Take the case of the difference of opinion on the question of regulating the number of people in Friday prayer congregations last week. A large number of people accepted the advice to offer prayers at home, but the number of the faithful who joined prayers at mosques and stood shoulder to shoulder with one another was not insignificant. They probably believed they did not have to bother about falling sick as they would die only at the time appointed for them. But there were other reasons too for their behaviour.
First, the precedents were perhaps not adequately conveyed to them. According to Falsafa Shariat-i-Islam, one precedent involved the second caliph. He cancelled his visit to a distant town on learning that an epidemic had broken out there. Some citizens of Madina asked what kind of an amirul momineen Umar was that he was afraid of death. The caliph called upon the people of Madina to recall whether a similar situation had arisen in the past. A Companion came forward and declared that the Holy Prophet (PBUH) had advised Muslims to refrain from going to a place where an epidemic was raging. That settled the matter. Any Muslim scholar will now tell you of the prohibition against visiting epidemic areas.
Poverty, poor housing and lifestyles reduce a people’s capacity to fight a new viral epidemic.
The other day I read in a travelogue by the great 11th-century Persian poet-philosopher Nasir Khusraw — and what an outstanding travelogue it is — that in 1048 no outsider came to perform Haj because there was a famine in Makkah and many of its residents had left the town in search of food elsewhere.
Thus, Pakistani Muslims must not consider themselves the first and only ones to decide about prayers, and that too while fighting against a new and easily communicable virus. They may have learnt of the Saudis’ advice to Pakistan to put Haj preparations on hold.
Perhaps the advice for prayers to be offered at home was flawed on two counts. Firstly, it ignored the huge number of people who were away from their homes at prayer time or resided in hovels where no spot was clean enough for offering prayers. A better message could have been that those who could not pray at home were free to go to the nearest mosque and pray alone and at an appropriate distance from another namazi.
Secondly, the ulema had said that it was the duty of the citizens to follow the instructions of the government. Now, defying the instructions of the government is the norm in Pakistan, and taking orders from the authorities in matters of belief is unthinkable. It would have been better if the advice about restrictions on congregations had come from the ulema themselves.
Since the question of regulating Friday prayers is likely to arise week after week, it is necessary to address the people’s culturally determined resistance to observing anti-epidemic rules.
Further, the refusal of a large number of people in locked-down cities to stay a metre or so away from one another is rooted in our popular culture, which makes it obligatory for us to visit or stay close to our relations and friends whatever their ailment or however serious their condition may be.
This requirement of maintaining a distance of at least a metre from one another even within homes can be fulfilled only by a minority that have homes large enough to make segregation possible. How can the social distance precaution be observed in a single-room tenement occupied by five to 10 or more members of a family?
We find that the precautions to escape the contagion can be taken only by individuals and families that maintain a certain level of cleanliness and personal hygiene; they use tissue papers to wipe their nose whenever they sneeze. But the situation on the ground is that a very large number of people do not have proper toilets in their dwellings and they drink water contaminated by toxic waste.

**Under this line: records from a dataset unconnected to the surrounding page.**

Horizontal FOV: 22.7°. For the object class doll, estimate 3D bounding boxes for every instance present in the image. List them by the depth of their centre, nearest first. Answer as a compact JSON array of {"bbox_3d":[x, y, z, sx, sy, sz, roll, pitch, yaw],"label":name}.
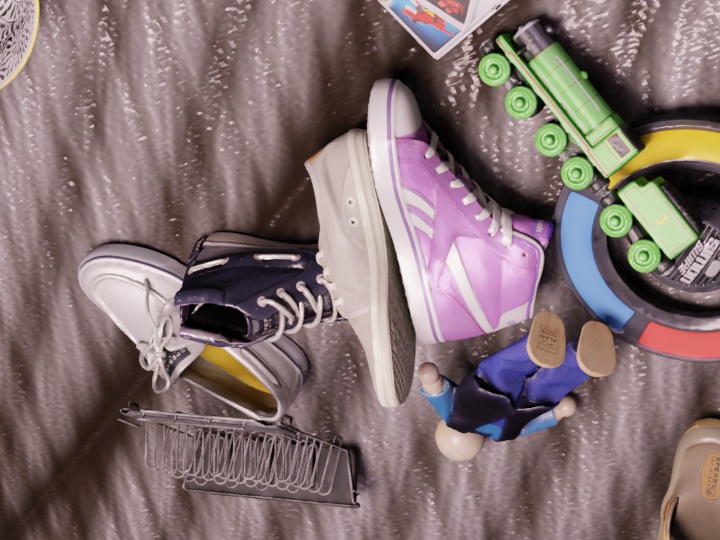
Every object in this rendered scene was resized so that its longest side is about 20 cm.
[{"bbox_3d":[0.107,0.091,1.340,0.136,0.049,0.200,12,150,-18],"label":"doll"}]

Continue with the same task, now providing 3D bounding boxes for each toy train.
[{"bbox_3d":[0.155,-0.085,1.200,0.056,0.042,0.200,-39,86,23],"label":"toy train"}]

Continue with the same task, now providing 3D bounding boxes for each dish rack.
[{"bbox_3d":[-0.095,0.144,1.403,0.153,0.055,0.200,2,167,19],"label":"dish rack"}]

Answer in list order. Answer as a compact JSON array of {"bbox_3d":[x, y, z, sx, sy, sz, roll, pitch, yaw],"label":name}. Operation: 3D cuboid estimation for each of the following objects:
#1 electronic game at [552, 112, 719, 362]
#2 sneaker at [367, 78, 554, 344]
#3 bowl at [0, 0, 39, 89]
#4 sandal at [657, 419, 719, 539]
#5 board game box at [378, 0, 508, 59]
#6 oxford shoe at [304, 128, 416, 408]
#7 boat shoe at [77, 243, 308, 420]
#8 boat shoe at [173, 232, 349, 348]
[{"bbox_3d":[0.232,-0.019,1.247,0.199,0.042,0.201,9,125,13],"label":"electronic game"},{"bbox_3d":[0.075,-0.050,1.267,0.114,0.073,0.201,-10,115,15],"label":"sneaker"},{"bbox_3d":[-0.300,-0.225,1.258,0.200,0.094,0.202,9,125,13],"label":"bowl"},{"bbox_3d":[0.266,0.205,1.373,0.080,0.054,0.201,7,125,14],"label":"sandal"},{"bbox_3d":[0.027,-0.248,1.165,0.200,0.035,0.126,44,125,-13],"label":"board game box"},{"bbox_3d":[0.000,0.000,1.286,0.057,0.075,0.201,-11,88,14],"label":"oxford shoe"},{"bbox_3d":[-0.141,0.059,1.404,0.202,0.086,0.075,33,127,-6],"label":"boat shoe"},{"bbox_3d":[-0.044,0.024,1.340,0.199,0.093,0.075,2,123,17],"label":"boat shoe"}]
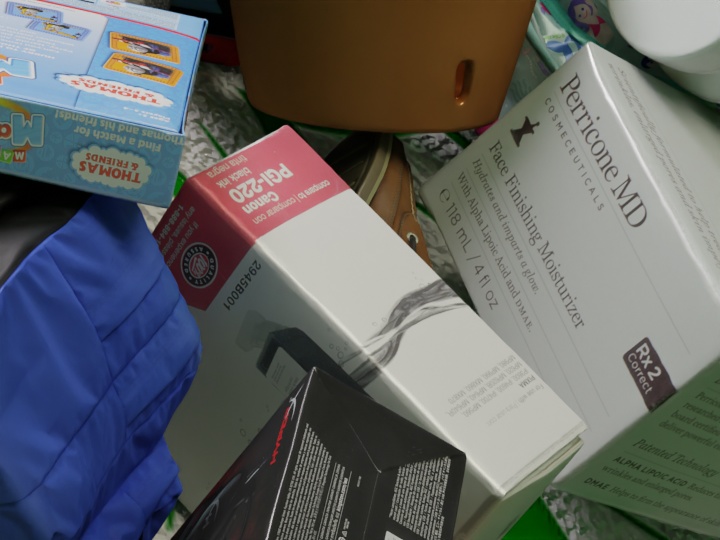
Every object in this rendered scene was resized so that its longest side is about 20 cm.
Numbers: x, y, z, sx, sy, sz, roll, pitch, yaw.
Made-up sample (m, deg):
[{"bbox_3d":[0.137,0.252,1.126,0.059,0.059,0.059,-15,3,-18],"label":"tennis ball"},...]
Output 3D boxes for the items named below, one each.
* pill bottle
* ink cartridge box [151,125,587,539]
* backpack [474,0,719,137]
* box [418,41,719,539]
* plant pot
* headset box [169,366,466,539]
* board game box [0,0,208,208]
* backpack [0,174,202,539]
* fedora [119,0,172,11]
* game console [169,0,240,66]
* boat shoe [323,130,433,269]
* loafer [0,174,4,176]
[{"bbox_3d":[0.225,-0.136,1.295,0.200,0.113,0.113,16,39,-50],"label":"pill bottle"},{"bbox_3d":[-0.019,0.060,1.083,0.200,0.146,0.085,44,37,10],"label":"ink cartridge box"},{"bbox_3d":[0.129,-0.126,1.402,0.177,0.151,0.200,10,49,-46],"label":"backpack"},{"bbox_3d":[0.165,0.017,1.251,0.200,0.131,0.199,21,36,-47],"label":"box"},{"bbox_3d":[0.011,-0.153,1.278,0.199,0.141,0.200,4,12,-1],"label":"plant pot"},{"bbox_3d":[-0.049,0.159,0.909,0.077,0.200,0.149,31,38,-13],"label":"headset box"},{"bbox_3d":[-0.145,-0.085,1.014,0.151,0.037,0.200,12,17,-5],"label":"board game box"},{"bbox_3d":[-0.157,0.058,0.967,0.168,0.162,0.200,66,25,-23],"label":"backpack"},{"bbox_3d":[-0.190,-0.140,1.185,0.200,0.092,0.201,9,63,-18],"label":"fedora"},{"bbox_3d":[-0.151,-0.193,1.341,0.199,0.031,0.177,8,46,-34],"label":"game console"},{"bbox_3d":[0.000,0.000,1.235,0.068,0.072,0.200,41,35,-20],"label":"boat shoe"},{"bbox_3d":[-0.235,-0.045,1.082,0.200,0.070,0.068,30,44,-3],"label":"loafer"}]
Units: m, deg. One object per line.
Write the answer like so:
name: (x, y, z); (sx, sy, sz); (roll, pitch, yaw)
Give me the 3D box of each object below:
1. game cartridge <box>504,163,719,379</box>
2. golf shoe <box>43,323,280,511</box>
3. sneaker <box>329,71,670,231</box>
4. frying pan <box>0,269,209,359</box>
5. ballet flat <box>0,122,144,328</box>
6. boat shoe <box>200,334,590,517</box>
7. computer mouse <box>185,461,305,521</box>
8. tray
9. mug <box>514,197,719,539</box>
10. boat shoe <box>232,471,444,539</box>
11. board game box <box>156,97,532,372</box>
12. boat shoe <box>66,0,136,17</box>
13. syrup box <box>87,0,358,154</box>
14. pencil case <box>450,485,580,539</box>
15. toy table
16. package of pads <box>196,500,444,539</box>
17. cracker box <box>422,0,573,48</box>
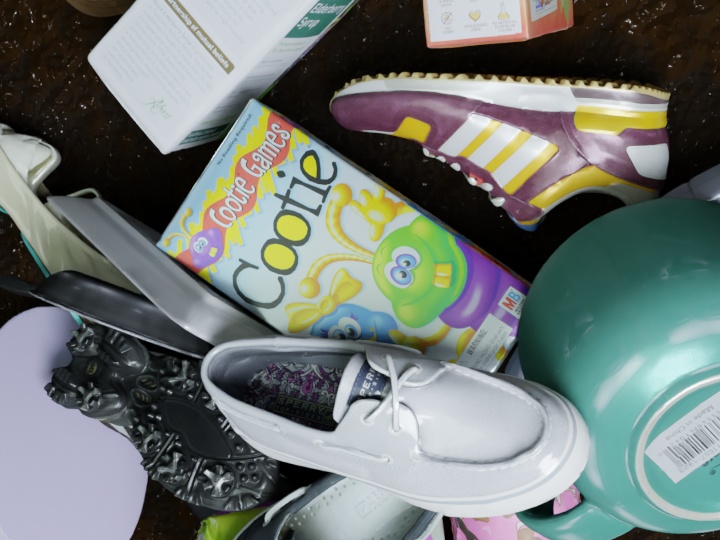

The direction to wash one’s hands with soap, and preferably with hot water, presumes that even the poorest households enjoy the facility of running hot and cold water, or can keep a vessel on the stove for boiling water all the time. There are men who wash their hands and faces only while performing ablutions at mosques at prayer times. Their women don’t have this facility and are often short of water for drinking, cooking and washing themselves or utensils. That poverty, poor housing and lifestyles reduce a people’s capacity to fight a new viral epidemic cannot be denied.
Then we are told to do essential shopping and discharge our financial obligations through online banking or by using credit/debit cards. And if you have a fat account the bank will collect cheques at your doorstep. What kind of people and what percentage of the population are we talking about?
Is this situation due to the fact that those who make policies and decisions have little idea of the resources, living conditions and customs followed by the disadvantaged majority?
The administration is now facing problems in supplying essential foodstuffs to the poor who have been deprived of their livelihoods. Haven’t we realised how much easily this work could have been done by local government institutions? Now a Corona Relief Tiger Force (can’t we think of a humane name for life-saving missionaries?) is to be recruited. That members of assemblies are to be mobilised for relief work is a good idea provided that members belonging to all the parties in the assemblies are equally trusted. But relief work demands organisers responsible for small pockets of the population, and they should preferably be drawn from the local communities.
What all this means is that epidemics cannot be fought with the help of borrowed textbooks alone. The methods used by other societies are important, but their adaption to Pakistan’s physical and social environment also requires imaginative answers to constraints imposed by culture and poverty.